→ **Work task**
From the records below, transcribe exactly the lines that begin at the line with "437, 1090, 551]" and end at the line with "879, 1090, 1107]", both included.

→ **Recorded information**
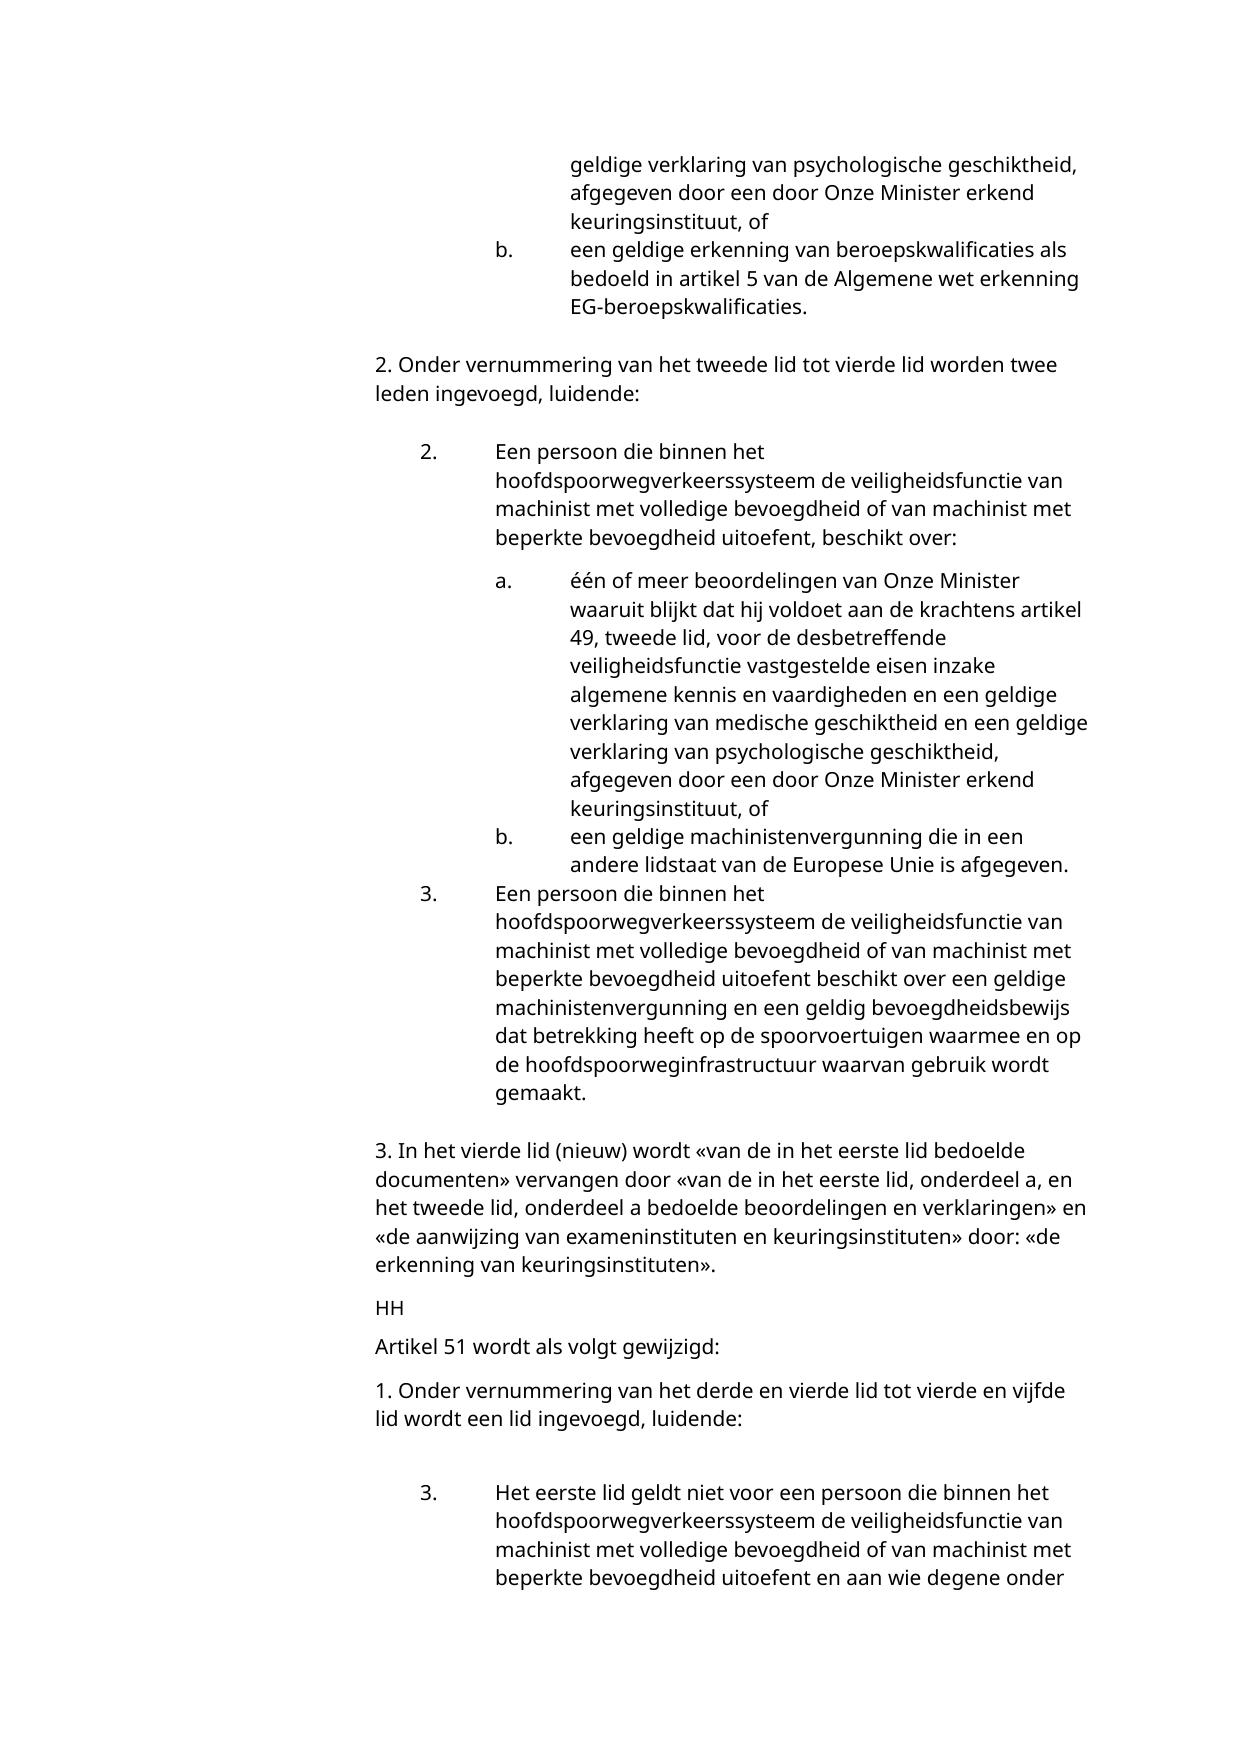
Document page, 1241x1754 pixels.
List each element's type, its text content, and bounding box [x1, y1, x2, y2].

text 2. Onder vernummering van het tweede lid tot vierde lid worden twee leden ingevoegd, luidende: [375, 351, 1090, 407]
text 3. In het vierde lid (nieuw) wordt «van de in het eerste lid bedoelde documenten» vervangen door «van de in het eerste lid, onderdeel a, en het tweede lid, onderdeel a bedoelde beoordelingen en verklaringen» en «de aanwijzing van exameninstituten en keuringsinstituten» door: «de erkenning van keuringsinstituten». [375, 1137, 1090, 1279]
list een geldige machinistenvergunning die in een andere lidstaat van de Europese Unie is afgegeven. [495, 822, 1090, 879]
list Een persoon die binnen het hoofdspoorwegverkeerssysteem de veiligheidsfunctie van machinist met volledige bevoegdheid of van machinist met beperkte bevoegdheid uitoefent, beschikt over: [420, 437, 1090, 551]
text 1. Onder vernummering van het derde en vierde lid tot vierde en vijfde lid wordt een lid ingevoegd, luidende: [375, 1376, 1090, 1433]
list geldige verklaring van psychologische geschiktheid, afgegeven door een door Onze Minister erkend keuringsinstituut, of [495, 150, 1090, 235]
list Een persoon die binnen het hoofdspoorwegverkeerssysteem de veiligheidsfunctie van machinist met volledige bevoegdheid of van machinist met beperkte bevoegdheid uitoefent beschikt over een geldige machinistenvergunning en een geldig bevoegdheidsbewijs dat betrekking heeft op de spoorvoertuigen waarmee en op de hoofdspoorweginfrastructuur waarvan gebruik wordt gemaakt. [420, 879, 1090, 1107]
text Artikel 51 wordt als volgt gewijzigd: [375, 1332, 1090, 1361]
list Het eerste lid geldt niet voor een persoon die binnen het hoofdspoorwegverkeerssysteem de veiligheidsfunctie van machinist met volledige bevoegdheid of van machinist met beperkte bevoegdheid uitoefent en aan wie degene onder [420, 1478, 1090, 1592]
list één of meer beoordelingen van Onze Minister waaruit blijkt dat hij voldoet aan de krachtens artikel 49, tweede lid, voor de desbetreffende veiligheidsfunctie vastgestelde eisen inzake algemene kennis en vaardigheden en een geldige verklaring van medische geschiktheid en een geldige verklaring van psychologische geschiktheid, afgegeven door een door Onze Minister erkend keuringsinstituut, of [495, 566, 1090, 822]
text HH [375, 1294, 1090, 1321]
list een geldige erkenning van beroepskwalificaties als bedoeld in artikel 5 van de Algemene wet erkenning EG-beroepskwalificaties. [495, 235, 1090, 321]
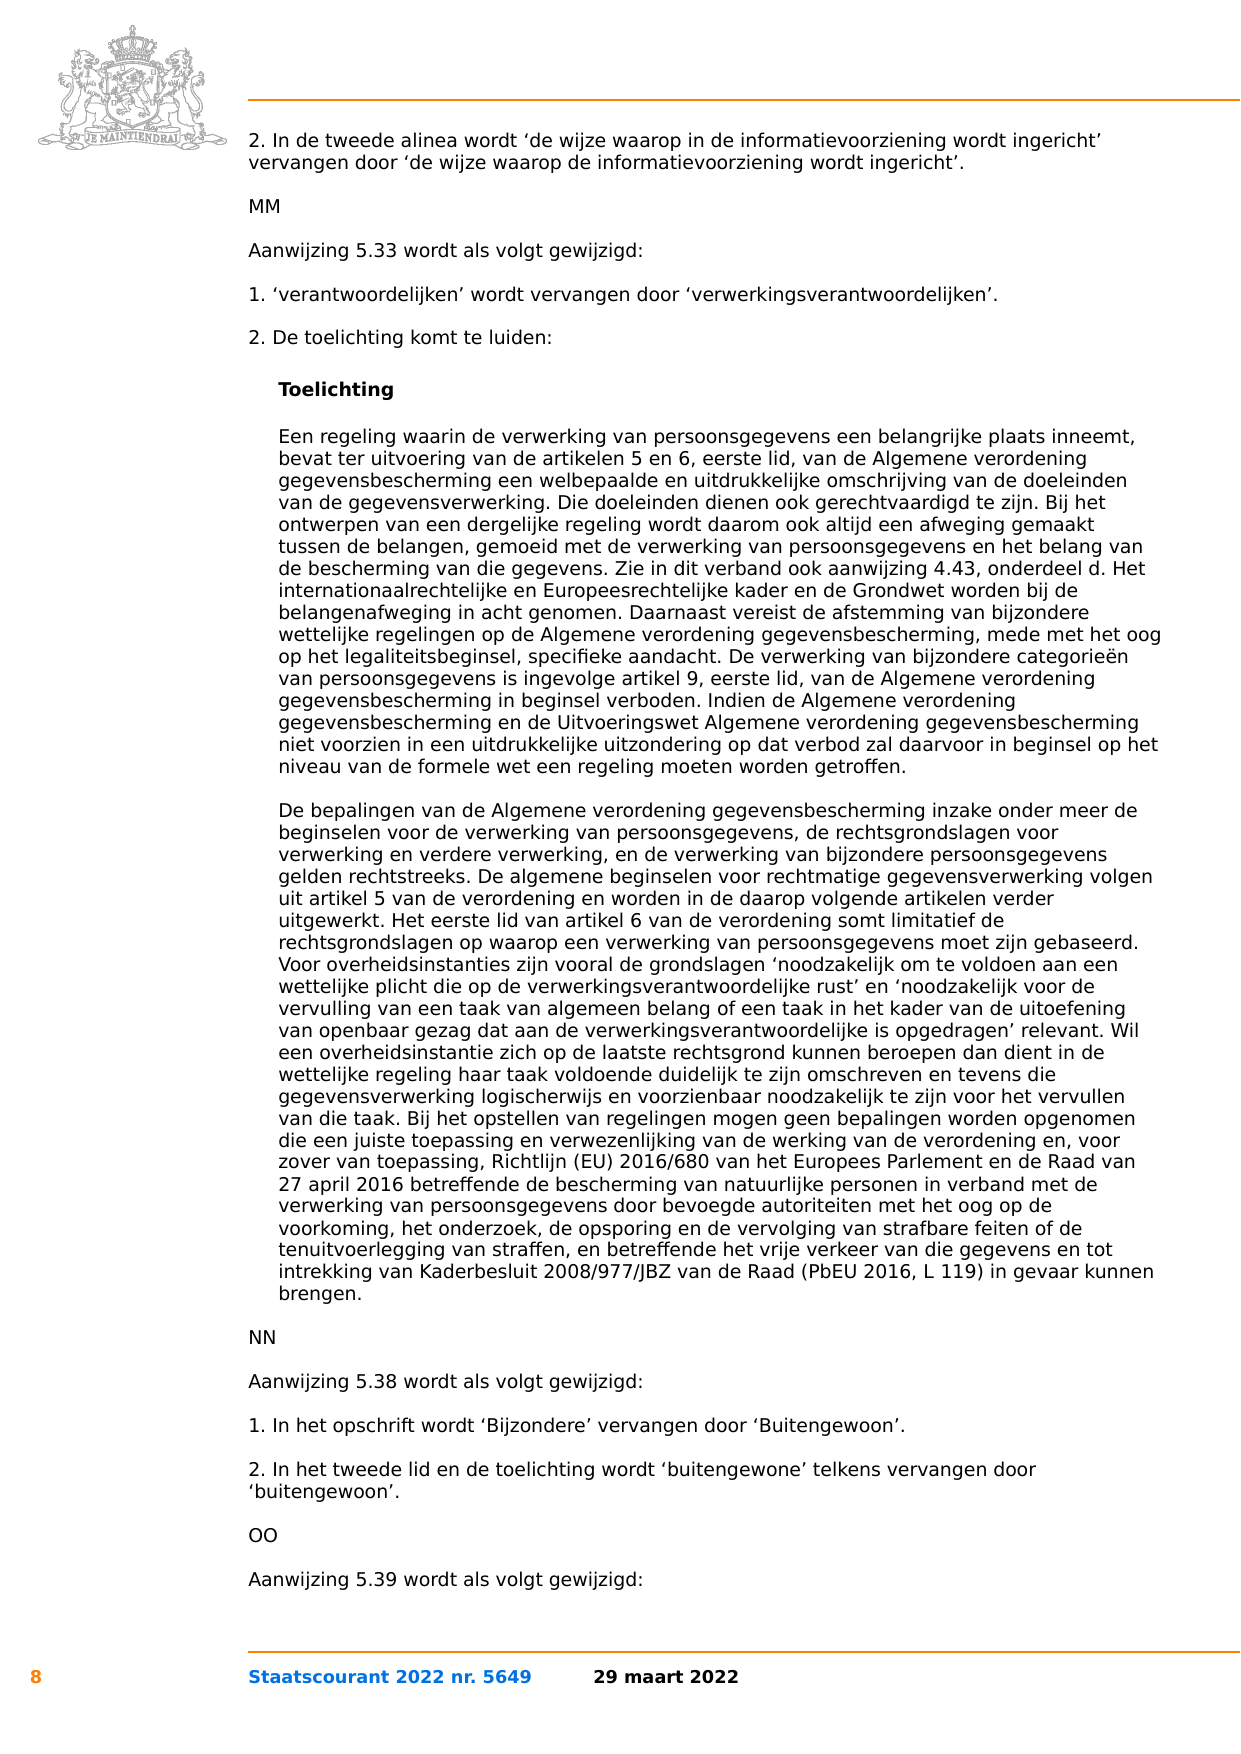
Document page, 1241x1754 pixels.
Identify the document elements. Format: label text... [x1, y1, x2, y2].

text Aanwijzing 5.33 wordt als volgt gewijzigd: [248, 239, 1163, 262]
text 2. In de tweede alinea wordt ‘de wijze waarop in de informatievoorziening wordt ingericht’ vervangen door ‘de wijze waarop de informatievoorziening wordt ingericht’. [248, 130, 1163, 174]
text 2. In het tweede lid en de toelichting wordt ‘buitengewone’ telkens vervangen door ‘buitengewoon’. [248, 1459, 1163, 1503]
text NN [248, 1327, 1163, 1349]
text 1. In het opschrift wordt ‘Bijzondere’ vervangen door ‘Buitengewoon’. [248, 1415, 1163, 1437]
text Een regeling waarin de verwerking van persoonsgegevens een belangrijke plaats inneemt, bevat ter uitvoering van de artikelen 5 en 6, eerste lid, van de Algemene verordening gegevensbescherming een welbepaalde en uitdrukkelijke omschrijving van de doeleinden van de gegevensverwerking. Die doeleinden dienen ook gerechtvaardigd te zijn. Bij het ontwerpen van een dergelijke regeling wordt daarom ook altijd een afweging gemaakt tussen de belangen, gemoeid met de verwerking van persoonsgegevens en het belang van de bescherming van die gegevens. Zie in dit verband ook aanwijzing 4.43, onderdeel d. Het internationaalrechtelijke en Europeesrechtelijke kader en de Grondwet worden bij de belangenafweging in acht genomen. Daarnaast vereist de afstemming van bijzondere wettelijke regelingen op de Algemene verordening gegevensbescherming, mede met het oog op het legaliteitsbeginsel, specifieke aandacht. De verwerking van bijzondere categorieën van persoonsgegevens is ingevolge artikel 9, eerste lid, van de Algemene verordening gegevensbescherming in beginsel verboden. Indien de Algemene verordening gegevensbescherming en de Uitvoeringswet Algemene verordening gegevensbescherming niet voorzien in een uitdrukkelijke uitzondering op dat verbod zal daarvoor in beginsel op het niveau van de formele wet een regeling moeten worden getroffen. [278, 426, 1163, 778]
picture [38, 25, 227, 150]
text 2. De toelichting komt te luiden: [248, 327, 1163, 349]
text Aanwijzing 5.39 wordt als volgt gewijzigd: [248, 1568, 1163, 1590]
text De bepalingen van de Algemene verordening gegevensbescherming inzake onder meer de beginselen voor de verwerking van persoonsgegevens, de rechtsgrondslagen voor verwerking en verdere verwerking, en de verwerking van bijzondere persoonsgegevens gelden rechtstreeks. De algemene beginselen voor rechtmatige gegevensverwerking volgen uit artikel 5 van de verordening en worden in de daarop volgende artikelen verder uitgewerkt. Het eerste lid van artikel 6 van de verordening somt limitatief de rechtsgrondslagen op waarop een verwerking van persoonsgegevens moet zijn gebaseerd. Voor overheidsinstanties zijn vooral de grondslagen ‘noodzakelijk om te voldoen aan een wettelijke plicht die op de verwerkingsverantwoordelijke rust’ en ‘noodzakelijk voor de vervulling van een taak van algemeen belang of een taak in het kader van de uitoefening van openbaar gezag dat aan de verwerkingsverantwoordelijke is opgedragen’ relevant. Wil een overheidsinstantie zich op de laatste rechtsgrond kunnen beroepen dan dient in de wettelijke regeling haar taak voldoende duidelijk te zijn omschreven en tevens die gegevensverwerking logischerwijs en voorzienbaar noodzakelijk te zijn voor het vervullen van die taak. Bij het opstellen van regelingen mogen geen bepalingen worden opgenomen die een juiste toepassing en verwezenlijking van de werking van de verordening en, voor zover van toepassing, Richtlijn (EU) 2016/680 van het Europees Parlement en de Raad van 27 april 2016 betreffende de bescherming van natuurlijke personen in verband met de verwerking van persoonsgegevens door bevoegde autoriteiten met het oog op de voorkoming, het onderzoek, de opsporing en de vervolging van strafbare feiten of de tenuitvoerlegging van straffen, en betreffende het vrije verkeer van die gegevens en tot intrekking van Kaderbesluit 2008/977/JBZ van de Raad (PbEU 2016, L 119) in gevaar kunnen brengen. [278, 800, 1163, 1305]
text Aanwijzing 5.38 wordt als volgt gewijzigd: [248, 1371, 1163, 1393]
text OO [248, 1524, 1163, 1547]
subtitle Toelichting [278, 379, 1163, 401]
text MM [248, 196, 1163, 218]
text 1. ‘verantwoordelijken’ wordt vervangen door ‘verwerkingsverantwoordelijken’. [248, 283, 1163, 305]

→ **Task solution**
list Een persoon die binnen het hoofdspoorwegverkeerssysteem de veiligheidsfunctie van machinist met volledige bevoegdheid of van machinist met beperkte bevoegdheid uitoefent, beschikt over: [420, 437, 1090, 551]
text 1. Onder vernummering van het derde en vierde lid tot vierde en vijfde lid wordt een lid ingevoegd, luidende: [375, 1376, 1090, 1433]
list geldige verklaring van psychologische geschiktheid, afgegeven door een door Onze Minister erkend keuringsinstituut, of [495, 150, 1090, 235]
list Een persoon die binnen het hoofdspoorwegverkeerssysteem de veiligheidsfunctie van machinist met volledige bevoegdheid of van machinist met beperkte bevoegdheid uitoefent beschikt over een geldige machinistenvergunning en een geldig bevoegdheidsbewijs dat betrekking heeft op de spoorvoertuigen waarmee en op de hoofdspoorweginfrastructuur waarvan gebruik wordt gemaakt. [420, 879, 1090, 1107]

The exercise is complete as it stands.